Flow cytometry, microsatellites and niche models reveal the origins and geographical structure of Alnus glutinosa populations in Europe.

BACKGROUND AND AIMS: Polyploidy in plants has been studied extensively. In many groups, two or more cytotypes represent separate biological entities with distinct distributions, histories and ecology. This study examines the distribution and origins of cytotypes of Alnus glutinosa in Europe, North Africa and western Asia. METHODS: A combined approach was used involving flow cytometry and microsatellite analysis of 12 loci in 2200 plants from 209 populations combined with species distribution modelling using MIROC and CCSM climatic models, in order to analyse (1) ploidy and genetic variation, (2) the origin of tetraploid A. glutinosa, considering A. incana as a putative parent, and (3) past distributions of the species. KEY RESULTS: The occurrence of tetraploid populations of A. glutinosa in Europe is determined for the first time. The distribution of tetraploids is far from random, forming two geographically well-delimited clusters located in the Iberian Peninsula and the Dinaric Alps. Based on microsatellite analysis, both tetraploid clusters are probably of autopolyploid origin, with no indication that A. incana was involved in their evolutionary history. A projection of the MIROC distribution model into the Last Glacial Maximum (LGM) showed that (1) populations occurring in the Iberian Peninsula and North Africa were probably interconnected during the LGM and (2) populations occurring in the Dinaric Alps did not exist throughout the last glacial periods, having retreated southwards into lowland areas of the Balkan Peninsula. CONCLUSIONS: Newly discovered tetraploid populations are situated in the putative main glacial refugia, and neither of them was likely to have been involved in the colonization of central and northern Europe after glacial withdrawal. This could mean that neither the Iberian Peninsula nor the western part of the Balkan Peninsula served as effective refugial areas for northward post-glacial expansion of A. glutinosa.
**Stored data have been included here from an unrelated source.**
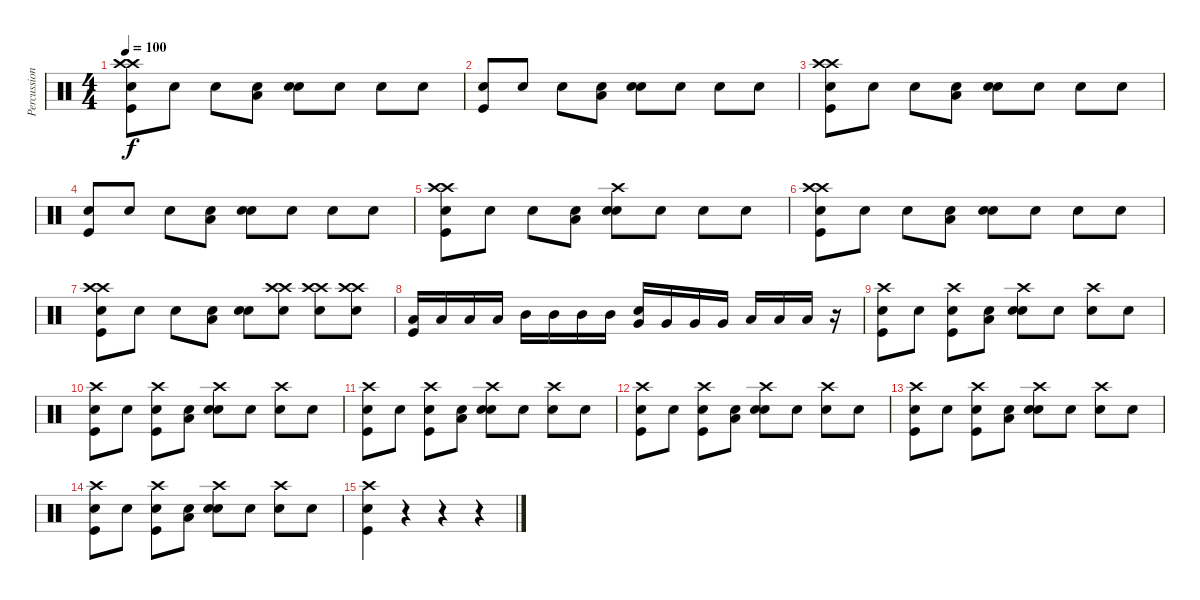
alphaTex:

\track ("Percussions" "Percussion") {instrument percussion}
\staff {score}
\articulation defaults
\ts (4 4)
\tempo 100
\clef neutral
\ks c
("Crash high (hit)" "Crash high (hit)" "Kick (hit)" "Snare (hit) 2").8{dy f} "Snare (hit) 2".8 "Snare (hit) 2".8 ("Low Tom (hit)" "Snare (hit) 2").8 ("Hand Clap (hit)" "Snare (hit) 2").8 "Snare (hit) 2".8 "Snare (hit) 2".8 "Snare (hit) 2".8 |
("Kick (hit)" "Snare (hit) 2").8 "Snare (hit) 2".8 "Snare (hit) 2".8 ("Low Tom (hit)" "Snare (hit) 2").8 ("Hand Clap (hit)" "Snare (hit) 2").8 "Snare (hit) 2".8 "Snare (hit) 2".8 "Snare (hit) 2".8 |
("Crash high (hit)" "Crash high (hit)" "Kick (hit)" "Snare (hit) 2").8 "Snare (hit) 2".8 "Snare (hit) 2".8 ("Low Tom (hit)" "Snare (hit) 2").8 ("Hand Clap (hit)" "Snare (hit) 2").8 "Snare (hit) 2".8 "Snare (hit) 2".8 "Snare (hit) 2".8 |
("Kick (hit)" "Snare (hit) 2").8 "Snare (hit) 2".8 "Snare (hit) 2".8 ("Low Tom (hit)" "Snare (hit) 2").8 ("Hand Clap (hit)" "Snare (hit) 2").8 "Snare (hit) 2".8 "Snare (hit) 2".8 "Snare (hit) 2".8 |
("Crash high (hit)" "Crash high (hit)" "Kick (hit)" "Snare (hit) 2").8 "Snare (hit) 2".8 "Snare (hit) 2".8 ("Low Tom (hit)" "Snare (hit) 2").8 ("Hand Clap (hit)" "Crash high (hit)" "Snare (hit) 2").8 "Snare (hit) 2".8 "Snare (hit) 2".8 "Snare (hit) 2".8 |
("Crash high (hit)" "Crash high (hit)" "Kick (hit)" "Snare (hit) 2").8 "Snare (hit) 2".8 "Snare (hit) 2".8 ("Low Tom (hit)" "Snare (hit) 2").8 ("Hand Clap (hit)" "Snare (hit) 2").8 "Snare (hit) 2".8 "Snare (hit) 2".8 "Snare (hit) 2".8 |
("Crash high (hit)" "Crash high (hit)" "Kick (hit)" "Snare (hit) 2").8 "Snare (hit) 2".8 "Snare (hit) 2".8 ("Low Tom (hit)" "Snare (hit) 2").8 ("Hand Clap (hit)" "Snare (hit) 2").8 ("Crash high (hit)" "Crash high (hit)" "Snare (hit) 2").8 ("Crash high (hit)" "Crash high (hit)" "Snare (hit) 2").8 ("Crash high (hit)" "Crash high (hit)" "Snare (hit) 2").8 |
("Kick (hit)" "Low Tom (hit)").16 "Low Tom (hit)".16 "Low Tom (hit)".16 "Low Tom (hit)".16 "Mid Tom (hit)".16 "Mid Tom (hit)".16 "Mid Tom (hit)".16 "Mid Tom (hit)".16 ("Hand Clap (hit)" "Very Low Tom (hit)").16 "Very Low Tom (hit)".16 "Very Low Tom (hit)".16 "Very Low Tom (hit)".16 "Low Tom (hit)".16 "Low Tom (hit)".16 "Low Tom (hit)".16 r.16 |
("Crash high (hit)" "Kick (hit)" "Snare (hit) 2").8 "Snare (hit) 2".8 ("Crash high (hit)" "Kick (hit)" "Snare (hit) 2").8 ("Low Tom (hit)" "Snare (hit) 2").8 ("Hand Clap (hit)" "Crash high (hit)" "Snare (hit) 2").8 "Snare (hit) 2".8 ("Crash high (hit)" "Snare (hit) 2").8 "Snare (hit) 2".8 |
("Crash high (hit)" "Kick (hit)" "Snare (hit) 2").8 "Snare (hit) 2".8 ("Crash high (hit)" "Kick (hit)" "Snare (hit) 2").8 ("Low Tom (hit)" "Snare (hit) 2").8 ("Hand Clap (hit)" "Crash high (hit)" "Snare (hit) 2").8 "Snare (hit) 2".8 ("Crash high (hit)" "Snare (hit) 2").8 "Snare (hit) 2".8 |
("Crash high (hit)" "Kick (hit)" "Snare (hit) 2").8 "Snare (hit) 2".8 ("Crash high (hit)" "Kick (hit)" "Snare (hit) 2").8 ("Low Tom (hit)" "Snare (hit) 2").8 ("Hand Clap (hit)" "Crash high (hit)" "Snare (hit) 2").8 "Snare (hit) 2".8 ("Crash high (hit)" "Snare (hit) 2").8 "Snare (hit) 2".8 |
("Crash high (hit)" "Kick (hit)" "Snare (hit) 2").8 "Snare (hit) 2".8 ("Crash high (hit)" "Kick (hit)" "Snare (hit) 2").8 ("Low Tom (hit)" "Snare (hit) 2").8 ("Hand Clap (hit)" "Crash high (hit)" "Snare (hit) 2").8 "Snare (hit) 2".8 ("Crash high (hit)" "Snare (hit) 2").8 "Snare (hit) 2".8 |
("Crash high (hit)" "Kick (hit)" "Snare (hit) 2").8 "Snare (hit) 2".8 ("Crash high (hit)" "Kick (hit)" "Snare (hit) 2").8 ("Low Tom (hit)" "Snare (hit) 2").8 ("Hand Clap (hit)" "Crash high (hit)" "Snare (hit) 2").8 "Snare (hit) 2".8 ("Crash high (hit)" "Snare (hit) 2").8 "Snare (hit) 2".8 |
("Crash high (hit)" "Kick (hit)" "Snare (hit) 2").8 "Snare (hit) 2".8 ("Crash high (hit)" "Kick (hit)" "Snare (hit) 2").8 ("Low Tom (hit)" "Snare (hit) 2").8 ("Hand Clap (hit)" "Crash high (hit)" "Snare (hit) 2").8 "Snare (hit) 2".8 ("Crash high (hit)" "Snare (hit) 2").8 "Snare (hit) 2".8 |
("Crash high (hit)" "Hand Clap (hit)" "Kick (hit)").4 r.4 r.4 r.4

High genetic diversity and distinctiveness of rear-edge climate relicts maintained by ancient tetraploidisation for Alnus glutinosa.
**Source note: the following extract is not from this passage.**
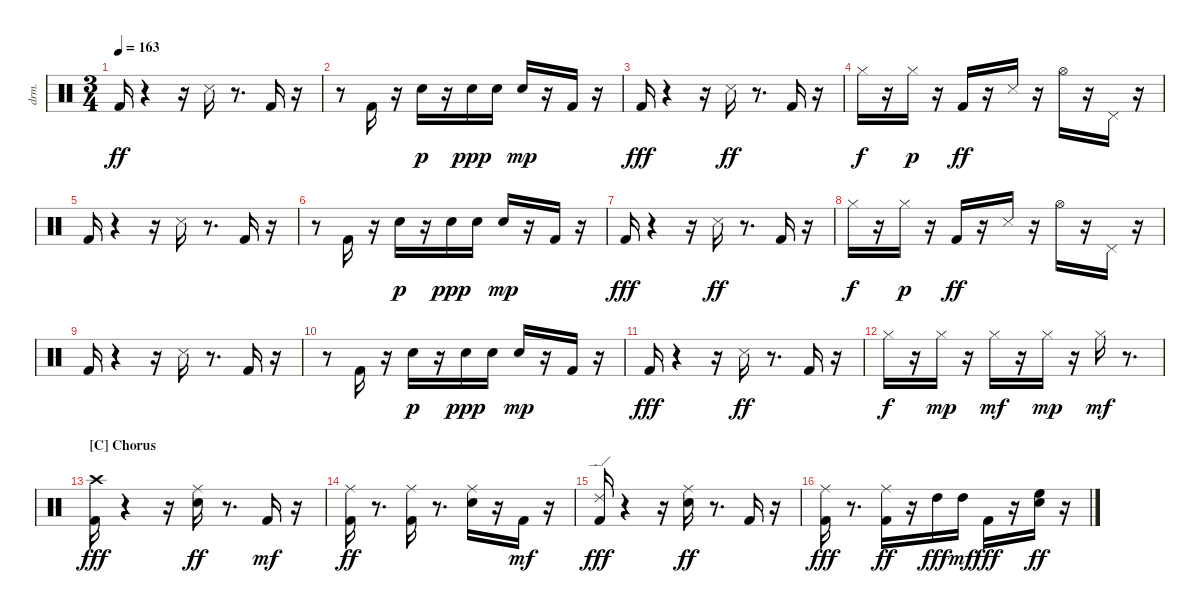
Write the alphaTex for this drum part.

Populations located at the rear-edge of a species' distribution may have disproportionate ecological and evolutionary importance for biodiversity conservation in a changing global environment. Yet genetic studies of such populations remain rare. This study investigates the evolutionary history of North-African low latitude marginal populations of Alnus glutinosa Gaertn., a European tree species that plays a significant ecological role as a keystone of riparian ecosystems. We genotyped 551 adults from 19 populations located across North Africa at 12 microsatellite loci and applied a coalescent-based simulation approach to reconstruct the demographic and evolutionary history of these populations. Surprisingly, Moroccan trees were tetraploids demonstrating a strong distinctiveness of these populations within a species otherwise known as diploid. Best-fitting models of demographic reconstruction revealed the relict nature of Moroccan populations that were found to have withstood past climate change events and to be much older than Algerian and Tunisian populations. This study highlights the complex demographic history that can be encountered in rear-edge distribution margins that here consist of both old stable climate relict and more recent populations, distinctively diverse genetically both quantitatively and qualitatively. We emphasize the high evolutionary and conservation value of marginal rear-edge populations of a keystone riparian species in the context of on-going climate change in the Mediterranean region.

De novo discovery and multiplexed amplification of microsatellite markers for black alder (Alnus glutinosa) and related species using SSR-enriched shotgun pyrosequencing.

Recent developments in sequencing technologies and bioinformatics analyses provide an unprecedented opportunity for cost and time effective high quality microsatellite marker discovery in nonmodel organisms for which no genomic information is available. Here, we use shotgun pyrosequencing of a microsatellite-enriched library to develop, for the first time, microsatellite markers for Alnus glutinosa, a keystone tree species of European riparian woodland communities. From a total of 17 855 short sequences, we identified 590 perfect microsatellites from which 392 had designed primers. A subset of 48 loci were tested for amplification, 12 of which were polymorphic in A. glutinosa. These 12 loci were successfully coamplified in a single multiplex polymerase chain reaction experiment and validated for population genetics applications. In addition, 10 and 8 of these microsatellites were found to be transferable to the related A. incana and A. cordata species. The developed multiplex of 12 microsatellite markers therefore provides new opportunities for experimental evolutionary and forest genetics research in Alnus.